PHOENIX, AZ--(Marketwired - June 25, 2014) - Insys Therapeutics, Inc. (NASDAQ: INSY), a specialty pharmaceutical company that is developing and commercializing innovative drugs and novel drug delivery systems, today announced that the U.S. Food and Drug Administration (FDA) has granted orphan drug designation to its pharmaceutical cannabidiol (CBD) for the treatment of Lennox-Gastaut Syndrome, a rare pediatric-onset epilepsy.
"With no cure and persistence of seizures with current antiepileptic medications, the orphan drug designation recognizes the significant, unmet need that exists among children with this severe form of epilepsy and the teams who provide their care," said Michael L. Babich, President and Chief Executive Officer. "We have the unique opportunity to test a controlled pharmaceutical CBD product for Lennox-Gastaut Syndrome, and our company is committed to advancing cannabinoid therapies that have the potential to provide significant medical benefits to patients across multiple indications. We expect to file an Investigational New Drug Application (IND) for CBD in the second half of 2014."
Insys, which has more than seven years of research and development experience in the pharmaceutical cannabinoid space, manufactures pharmaceutical dronabinol (THC) and pharmaceutical CBD, both of which are cannabinoids, at its FDA-inspected and Drug Enforcement Administration (DEA) approved facility, located in Round Rock, Texas. The company recently submitted a Drug Master File (DMF #28255) for its CBD active pharmaceutical ingredient and believes that it is the only U.S.-based company with the capacity to produce pharmaceutical cannabinoids in scalable quantities.
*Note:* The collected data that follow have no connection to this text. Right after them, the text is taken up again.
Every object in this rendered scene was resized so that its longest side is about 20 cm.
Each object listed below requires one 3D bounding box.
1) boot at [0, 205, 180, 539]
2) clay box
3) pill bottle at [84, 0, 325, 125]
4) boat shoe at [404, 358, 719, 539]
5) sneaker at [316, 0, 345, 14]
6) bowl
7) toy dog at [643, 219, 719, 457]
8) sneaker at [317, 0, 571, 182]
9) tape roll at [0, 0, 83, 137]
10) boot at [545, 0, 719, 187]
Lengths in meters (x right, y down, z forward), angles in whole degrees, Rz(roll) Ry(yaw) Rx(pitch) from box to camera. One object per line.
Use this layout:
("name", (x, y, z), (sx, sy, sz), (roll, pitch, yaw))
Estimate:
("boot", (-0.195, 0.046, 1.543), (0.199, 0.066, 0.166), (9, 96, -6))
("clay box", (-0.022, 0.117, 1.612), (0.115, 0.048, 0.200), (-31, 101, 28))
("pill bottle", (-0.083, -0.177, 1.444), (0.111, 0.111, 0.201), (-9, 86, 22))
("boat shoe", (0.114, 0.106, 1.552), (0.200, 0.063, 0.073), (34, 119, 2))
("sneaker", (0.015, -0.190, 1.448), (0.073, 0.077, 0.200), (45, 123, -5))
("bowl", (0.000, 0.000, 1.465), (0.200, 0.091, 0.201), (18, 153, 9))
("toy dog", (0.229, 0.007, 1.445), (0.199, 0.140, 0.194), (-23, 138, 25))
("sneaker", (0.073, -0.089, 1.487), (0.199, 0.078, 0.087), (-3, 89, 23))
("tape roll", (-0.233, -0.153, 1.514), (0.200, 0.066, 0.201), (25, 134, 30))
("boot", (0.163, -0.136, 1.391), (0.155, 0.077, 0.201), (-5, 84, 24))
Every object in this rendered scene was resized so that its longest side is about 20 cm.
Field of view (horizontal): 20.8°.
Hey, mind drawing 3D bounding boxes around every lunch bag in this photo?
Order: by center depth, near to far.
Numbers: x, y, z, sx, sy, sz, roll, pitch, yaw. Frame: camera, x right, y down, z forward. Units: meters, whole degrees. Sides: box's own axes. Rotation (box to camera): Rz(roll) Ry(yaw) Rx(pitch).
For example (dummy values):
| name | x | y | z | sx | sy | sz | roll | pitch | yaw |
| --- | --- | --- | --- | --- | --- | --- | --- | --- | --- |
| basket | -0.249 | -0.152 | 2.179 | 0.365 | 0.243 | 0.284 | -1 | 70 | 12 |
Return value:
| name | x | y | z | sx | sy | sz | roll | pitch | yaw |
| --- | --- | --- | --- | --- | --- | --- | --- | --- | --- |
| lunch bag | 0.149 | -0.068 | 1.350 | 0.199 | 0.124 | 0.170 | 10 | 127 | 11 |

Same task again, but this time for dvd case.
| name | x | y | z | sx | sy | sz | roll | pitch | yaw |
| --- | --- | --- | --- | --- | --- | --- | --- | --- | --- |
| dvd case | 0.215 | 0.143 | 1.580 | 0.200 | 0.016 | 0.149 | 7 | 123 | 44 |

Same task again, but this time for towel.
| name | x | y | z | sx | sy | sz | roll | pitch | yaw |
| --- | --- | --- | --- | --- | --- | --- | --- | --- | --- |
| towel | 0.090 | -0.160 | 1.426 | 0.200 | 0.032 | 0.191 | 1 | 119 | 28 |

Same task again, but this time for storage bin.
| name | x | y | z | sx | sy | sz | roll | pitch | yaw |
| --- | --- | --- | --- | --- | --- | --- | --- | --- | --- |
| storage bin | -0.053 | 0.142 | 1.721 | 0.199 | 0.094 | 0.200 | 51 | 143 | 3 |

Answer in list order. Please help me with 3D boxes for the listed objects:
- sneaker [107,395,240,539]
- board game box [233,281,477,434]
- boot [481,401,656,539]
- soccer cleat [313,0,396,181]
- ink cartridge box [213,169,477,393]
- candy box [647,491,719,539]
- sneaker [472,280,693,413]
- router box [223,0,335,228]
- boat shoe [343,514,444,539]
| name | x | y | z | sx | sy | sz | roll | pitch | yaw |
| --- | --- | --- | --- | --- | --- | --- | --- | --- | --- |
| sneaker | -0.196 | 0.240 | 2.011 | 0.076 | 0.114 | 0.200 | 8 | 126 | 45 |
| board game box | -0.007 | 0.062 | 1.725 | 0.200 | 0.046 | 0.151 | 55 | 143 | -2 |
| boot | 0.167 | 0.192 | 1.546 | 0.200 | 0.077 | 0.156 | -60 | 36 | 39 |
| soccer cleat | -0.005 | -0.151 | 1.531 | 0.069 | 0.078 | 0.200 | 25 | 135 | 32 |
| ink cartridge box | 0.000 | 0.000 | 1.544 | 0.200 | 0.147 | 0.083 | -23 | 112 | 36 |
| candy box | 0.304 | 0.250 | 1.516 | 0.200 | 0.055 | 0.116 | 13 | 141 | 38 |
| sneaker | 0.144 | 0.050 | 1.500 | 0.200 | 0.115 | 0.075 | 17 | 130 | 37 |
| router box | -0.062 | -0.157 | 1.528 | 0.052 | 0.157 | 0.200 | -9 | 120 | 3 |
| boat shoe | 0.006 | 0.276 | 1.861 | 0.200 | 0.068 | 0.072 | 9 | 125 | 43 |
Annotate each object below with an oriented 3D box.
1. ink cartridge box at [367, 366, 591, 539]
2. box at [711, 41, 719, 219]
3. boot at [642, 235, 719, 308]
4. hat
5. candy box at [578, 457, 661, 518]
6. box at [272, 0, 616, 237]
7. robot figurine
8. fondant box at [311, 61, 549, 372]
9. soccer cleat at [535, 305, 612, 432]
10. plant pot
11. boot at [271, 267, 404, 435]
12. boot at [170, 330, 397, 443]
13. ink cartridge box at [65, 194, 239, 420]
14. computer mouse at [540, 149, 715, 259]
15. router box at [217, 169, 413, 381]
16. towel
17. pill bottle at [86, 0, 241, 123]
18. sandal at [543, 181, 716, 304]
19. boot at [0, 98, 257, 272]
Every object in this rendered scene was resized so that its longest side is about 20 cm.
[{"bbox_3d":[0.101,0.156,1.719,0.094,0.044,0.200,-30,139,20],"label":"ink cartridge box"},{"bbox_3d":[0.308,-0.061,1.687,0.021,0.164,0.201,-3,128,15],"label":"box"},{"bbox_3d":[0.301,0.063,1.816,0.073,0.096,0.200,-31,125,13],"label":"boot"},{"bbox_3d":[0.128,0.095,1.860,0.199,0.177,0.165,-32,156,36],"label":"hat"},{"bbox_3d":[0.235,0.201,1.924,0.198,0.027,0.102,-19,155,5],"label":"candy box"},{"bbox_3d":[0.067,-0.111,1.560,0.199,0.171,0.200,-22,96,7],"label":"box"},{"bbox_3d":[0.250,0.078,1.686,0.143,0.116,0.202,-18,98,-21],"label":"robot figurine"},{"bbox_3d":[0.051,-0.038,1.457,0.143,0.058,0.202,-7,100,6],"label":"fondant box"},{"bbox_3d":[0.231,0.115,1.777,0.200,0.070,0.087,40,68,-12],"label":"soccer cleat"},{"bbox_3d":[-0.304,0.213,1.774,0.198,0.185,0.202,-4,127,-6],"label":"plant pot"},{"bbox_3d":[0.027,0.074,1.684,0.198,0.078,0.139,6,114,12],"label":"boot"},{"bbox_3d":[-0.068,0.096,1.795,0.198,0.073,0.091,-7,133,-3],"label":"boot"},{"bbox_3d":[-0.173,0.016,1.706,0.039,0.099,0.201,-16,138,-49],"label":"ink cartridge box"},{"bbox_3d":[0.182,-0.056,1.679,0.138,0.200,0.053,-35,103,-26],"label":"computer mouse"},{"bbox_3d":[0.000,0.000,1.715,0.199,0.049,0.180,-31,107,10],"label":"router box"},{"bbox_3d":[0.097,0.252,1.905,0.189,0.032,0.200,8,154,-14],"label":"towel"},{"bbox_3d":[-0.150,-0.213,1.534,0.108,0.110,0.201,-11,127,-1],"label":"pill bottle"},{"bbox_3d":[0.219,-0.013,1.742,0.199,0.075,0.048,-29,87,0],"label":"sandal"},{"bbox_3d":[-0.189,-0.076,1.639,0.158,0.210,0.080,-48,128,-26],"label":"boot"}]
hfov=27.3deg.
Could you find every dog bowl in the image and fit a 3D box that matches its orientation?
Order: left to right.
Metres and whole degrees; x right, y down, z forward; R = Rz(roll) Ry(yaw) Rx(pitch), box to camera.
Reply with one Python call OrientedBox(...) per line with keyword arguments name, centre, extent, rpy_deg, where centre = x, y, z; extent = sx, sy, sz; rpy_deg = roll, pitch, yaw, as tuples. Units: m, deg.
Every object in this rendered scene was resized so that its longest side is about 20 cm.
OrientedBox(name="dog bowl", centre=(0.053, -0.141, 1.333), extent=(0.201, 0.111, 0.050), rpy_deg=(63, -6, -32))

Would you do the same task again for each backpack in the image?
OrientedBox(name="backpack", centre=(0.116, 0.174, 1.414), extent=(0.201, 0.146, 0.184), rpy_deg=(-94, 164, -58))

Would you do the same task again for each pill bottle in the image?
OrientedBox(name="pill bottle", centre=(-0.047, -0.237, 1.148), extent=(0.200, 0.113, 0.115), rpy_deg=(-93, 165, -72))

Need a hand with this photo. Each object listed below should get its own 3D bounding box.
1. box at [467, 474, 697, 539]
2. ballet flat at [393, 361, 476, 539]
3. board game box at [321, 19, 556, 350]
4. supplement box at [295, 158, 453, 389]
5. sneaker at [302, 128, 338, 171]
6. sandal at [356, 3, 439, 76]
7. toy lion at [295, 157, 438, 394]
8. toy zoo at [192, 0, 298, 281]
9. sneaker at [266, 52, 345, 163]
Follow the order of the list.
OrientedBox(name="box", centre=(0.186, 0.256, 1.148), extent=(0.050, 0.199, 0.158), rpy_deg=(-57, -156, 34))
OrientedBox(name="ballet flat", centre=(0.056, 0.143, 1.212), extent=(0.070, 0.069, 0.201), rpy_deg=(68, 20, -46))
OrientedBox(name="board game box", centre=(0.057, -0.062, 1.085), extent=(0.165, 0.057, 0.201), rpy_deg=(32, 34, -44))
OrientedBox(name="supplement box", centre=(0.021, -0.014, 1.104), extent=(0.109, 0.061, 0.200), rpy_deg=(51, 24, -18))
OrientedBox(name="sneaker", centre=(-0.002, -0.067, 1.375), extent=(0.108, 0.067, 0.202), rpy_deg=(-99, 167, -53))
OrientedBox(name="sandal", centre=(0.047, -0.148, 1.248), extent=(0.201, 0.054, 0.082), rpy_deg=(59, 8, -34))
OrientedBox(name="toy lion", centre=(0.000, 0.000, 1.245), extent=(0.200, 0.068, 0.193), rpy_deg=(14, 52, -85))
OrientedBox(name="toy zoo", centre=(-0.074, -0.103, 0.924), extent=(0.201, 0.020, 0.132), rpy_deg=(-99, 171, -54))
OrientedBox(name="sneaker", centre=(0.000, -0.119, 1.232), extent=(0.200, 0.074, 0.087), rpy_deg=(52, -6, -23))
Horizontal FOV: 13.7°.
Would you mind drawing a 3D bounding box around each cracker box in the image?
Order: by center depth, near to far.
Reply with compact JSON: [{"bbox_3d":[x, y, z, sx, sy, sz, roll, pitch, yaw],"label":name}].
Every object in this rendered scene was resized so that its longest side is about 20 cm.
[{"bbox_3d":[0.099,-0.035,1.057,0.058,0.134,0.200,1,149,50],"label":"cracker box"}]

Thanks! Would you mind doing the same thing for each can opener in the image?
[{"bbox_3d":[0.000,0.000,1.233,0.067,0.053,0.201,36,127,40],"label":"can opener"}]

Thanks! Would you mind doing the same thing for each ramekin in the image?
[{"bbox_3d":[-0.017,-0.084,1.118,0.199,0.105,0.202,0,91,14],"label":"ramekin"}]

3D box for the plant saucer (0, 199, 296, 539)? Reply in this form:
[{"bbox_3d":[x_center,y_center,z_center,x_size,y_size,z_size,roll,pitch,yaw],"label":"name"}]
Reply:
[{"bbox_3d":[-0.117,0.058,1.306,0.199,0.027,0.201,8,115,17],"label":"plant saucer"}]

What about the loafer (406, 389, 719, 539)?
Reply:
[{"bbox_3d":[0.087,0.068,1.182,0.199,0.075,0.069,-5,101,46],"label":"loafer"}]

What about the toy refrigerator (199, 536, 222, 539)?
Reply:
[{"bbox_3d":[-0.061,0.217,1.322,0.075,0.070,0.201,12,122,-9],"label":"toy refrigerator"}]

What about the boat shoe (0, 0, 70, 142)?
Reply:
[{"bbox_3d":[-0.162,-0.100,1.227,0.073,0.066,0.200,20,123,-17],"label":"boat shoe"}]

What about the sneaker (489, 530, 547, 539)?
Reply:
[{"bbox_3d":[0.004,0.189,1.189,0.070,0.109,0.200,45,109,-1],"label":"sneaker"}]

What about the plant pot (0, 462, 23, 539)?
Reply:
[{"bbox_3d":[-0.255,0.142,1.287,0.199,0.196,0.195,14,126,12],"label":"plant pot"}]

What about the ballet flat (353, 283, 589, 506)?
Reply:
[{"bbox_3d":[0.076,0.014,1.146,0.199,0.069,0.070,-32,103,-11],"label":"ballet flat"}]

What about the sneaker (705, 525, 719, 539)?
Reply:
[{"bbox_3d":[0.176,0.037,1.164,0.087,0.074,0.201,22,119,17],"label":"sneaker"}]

In addition to Lennox-Gastaut Syndrome, Insys plans to develop treatments for another rare form of pediatric epilepsy, Dravet Syndrome. Insys is also evaluating the potential use of pharmaceutical CBD in several additional indications, including: adult epilepsy; chemotherapy-induced peripheral neuropathy; addiction in cocaine, heroin and opioids; and glioblastoma. Insys intends to pursue orphan drug designation for other indications that may qualify.
Orphan drug designation is granted by the FDA Office of Orphan Products Development (OOPD) to novel drugs or biologics that treat rare diseases or conditions affecting fewer than 200,000 patients in the U.S. The designation provides the drug developer with a seven-year period of U.S. marketing exclusivity, as well as certain financial incentives that can help support its development.
About Lennox-Gastaut Syndrome
Lennox-Gastaut Syndrome is a severe form of childhood-onset epilepsy that typically manifests between two and six years of age. The syndrome is characterized by multiple seizure types, moderate to severe cognitive impairment, and an abnormal EEG. The frequency and severity of seizures vary by individual. It is often treated with, but has proved resistant to, various anti-seizure medications. There is no cure for the syndrome at this time.
About Insys Therapeutics, Inc.
Insys Therapeutics is a specialty pharmaceutical company that develops and commercializes innovative drugs and novel drug delivery systems of therapeutic molecules that improve the quality of life of patients. Using its proprietary sublingual spray technology and its capability to develop pharmaceutical cannabinoids, the company addresses the clinical shortcomings of existing commercial products. The company currently markets two products, Subsys, which is sublingual Fentanyl spray for break through cancer pain, and a generic version of Dronabinol (THC) capsules. The company plans to file a New Drug Application (NDA) for an oral liquid formulation of Dronabinol in the second half of 2014 and believes it is a clinically superior product to current Dronabinol capsules. The company is developing a pipeline of sublingual sprays, as well as pharmaceutical CBD.
This press release contains forward-looking statements, including statements regarding our expectations related to filing at least one Investigational New Drug application with the Food and Drug Administration in the second half of 2014 for pharmaceutical CBD, our plan to pursue the development of treatments for Lennox-Gastaut Syndrome (LGS) and Dravet Syndrome related to epilepsy, the potential benefits of our pharmaceutical CBD therapies to patients and our intention to pursue orphan drug designation for other indications that may qualify for orphan drug status. These forward-looking statements are based on management's expectations and assumptions as of the date of this press release, and actual results may differ materially from those in these forward-looking statements as a result of various factors, many of which are beyond our control. For a description of these risks facing the company, please see the risk factors described in our filings with the United States Securities and Exchange Commission, including those factors discussed under the caption "Risk Factors" in our Annual Report on Form 10-K for the year ended December 31, 2013 and any subsequent updates that may occur in our Quarterly Reports on Form 10-Q. Forward-looking statements speak only as of the date of this press release and we undertake no obligation to update or revise these statements, except as may be required by law.